Vu les autres pièces du dossier.
Vu :
— le code de la santé publique ;
— le code de justice administrative.
Le président du tribunal a désigné Mme C pour statuer sur les demandes de référé, en application de l’article L. 511-2 du code de justice administrative.
Considérant ce qui suit :
1. M. A, médecin généraliste, a sollicité, le 7 octobre 2024, son inscription au tableau de l’ordre des médecins des Pyrénées-Atlantiques dans le cadre du transfert de sa résidence professionnelle et a été radié du tableau de l’ordre des médecins des Hautes-Pyrénées le 9 octobre 2024 en étant provisoirement autorisé à exercer dans le département de transfert jusqu’à ce que le Conseil départemental des Pyrénées-Atlantiques statue sur sa demande d’inscription. Par courrier du 14 février 2025, le Conseil départemental des Pyrénées-Atlantiques a informé l’intéressé de sa décision de solliciter l’avis à la formation restreinte d’expertise d’une demande d’expertise concernant sa compétence professionnelle sur le fondement des articles R. 4112-2 II et R. 4124-3-5 du code de la santé publique.
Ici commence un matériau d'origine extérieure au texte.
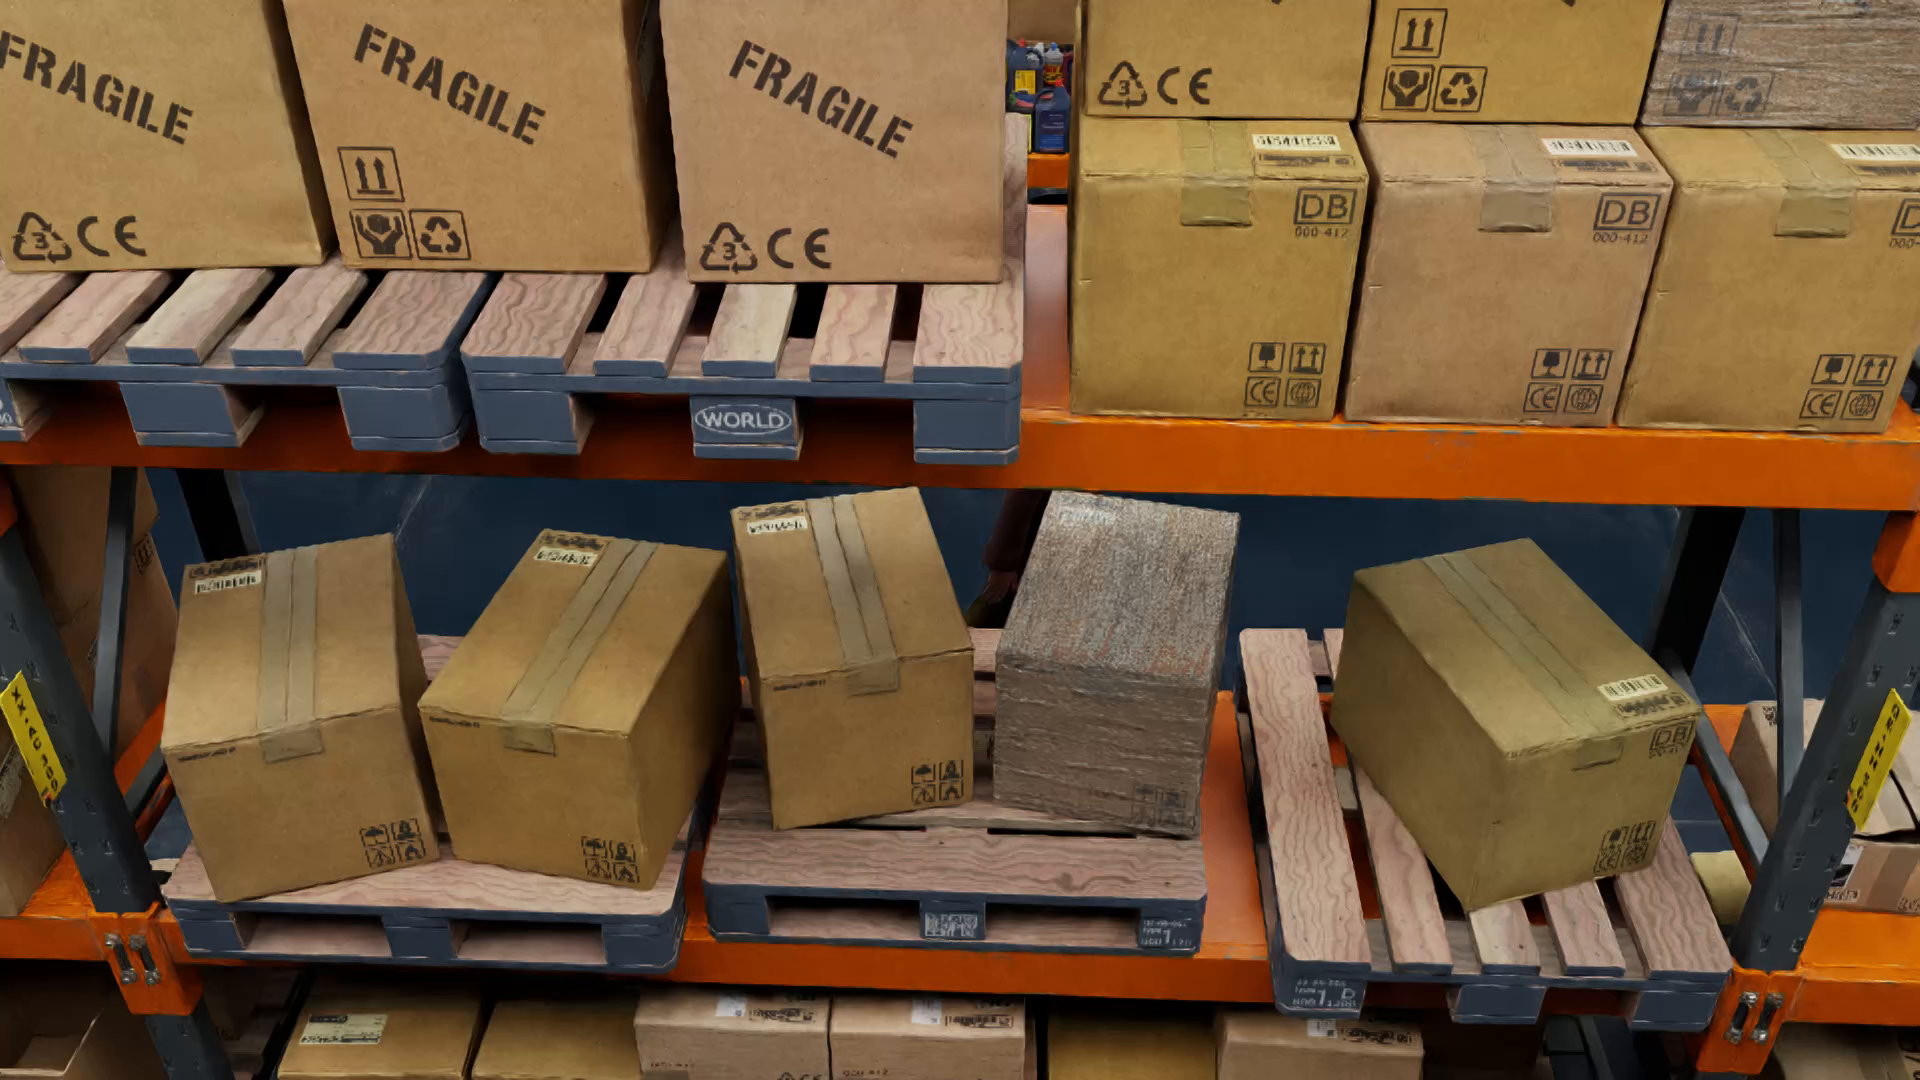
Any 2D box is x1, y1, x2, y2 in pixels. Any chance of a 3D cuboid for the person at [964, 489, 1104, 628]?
[{"bbox_3d":[0.402,-0.037,6.205,1.029,1.724,0.624,3,35,4],"label":"person"}]

M. A, qui soutient que cette demande d’expertise constitue un refus d’inscription au tableau de l’ordre des médecins illégal, demande au juge des référés, saisi sur le fondement de l’article L. 521-2 du code de justice administrative, de suspendre la décision du 14 février 2025 prise à la suite de la séance du conseil départemental du 13 février 2025 et d’enjoindre au conseil départemental de l’ordre des médecins des Pyrénées-Atlantiques, de l’inscrire sans délai au tableau de l’ordre des médecins.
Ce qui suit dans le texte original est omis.